Masked Autoencoders Are Scalable Vision Learners

@heMaskedAutoencodersAre2021

This paper shows that masked autoencoders (MAE) are scalable self-supervised learners for computer vision. Our MAE approach is simple: we mask random patches of the input image and reconstruct the missing pixels. It is based on two core designs. First, we develop an asymmetric encoder-decoder architecture, with an encoder that operates only on the visible subset of patches (without mask tokens), along with a lightweight decoder that reconstructs the original image from the latent representation and mask tokens.
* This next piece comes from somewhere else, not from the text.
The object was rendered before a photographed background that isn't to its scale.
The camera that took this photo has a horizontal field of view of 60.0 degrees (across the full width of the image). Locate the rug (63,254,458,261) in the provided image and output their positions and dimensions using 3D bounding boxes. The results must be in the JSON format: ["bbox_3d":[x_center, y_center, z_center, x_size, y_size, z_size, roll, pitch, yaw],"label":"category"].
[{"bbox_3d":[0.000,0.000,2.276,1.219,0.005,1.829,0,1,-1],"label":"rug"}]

Second, we find that masking a high proportion of the input image, e.g., 75%, yields a nontrivial and meaningful self-supervisory task. Coupling these two designs enables us to train large models efficiently and effectively: we accelerate training (by 3x or more) and improve accuracy. Our scalable approach allows for learning high-capacity models that generalize well: e.g., a vanilla ViT-Huge model achieves the best accuracy (87.8%) among methods that use only ImageNet-1K data. Transfer performance in downstream tasks outperforms supervised pre-training and shows promising scaling behavior.

Knowledge

Related works section. Good overview of self-supervised learning in vision.
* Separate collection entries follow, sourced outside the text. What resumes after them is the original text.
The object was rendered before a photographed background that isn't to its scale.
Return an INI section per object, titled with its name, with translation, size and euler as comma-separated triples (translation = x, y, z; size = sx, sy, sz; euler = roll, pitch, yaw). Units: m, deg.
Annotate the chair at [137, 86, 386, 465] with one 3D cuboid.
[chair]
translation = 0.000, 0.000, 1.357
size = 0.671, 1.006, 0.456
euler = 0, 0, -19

Masked language modeling (GPT, BERT) masks parts of the input and trains the model to predict the masked tokens. Scale excellently and powerful learned representations.

Autoencoding (PCA, k-means) are classical methods that learn representations by reconstructing the input data. Denoising autoencoders (DAE) is a subset that corrupts the input data and train the model to reconstruct the original data. MAE is a more general form of DAE, where the corruption is done by masking random patches of the input image.

Contrastive learning (SimCLR, MoCo) learns representations by contrasting positive and negative pairs of data.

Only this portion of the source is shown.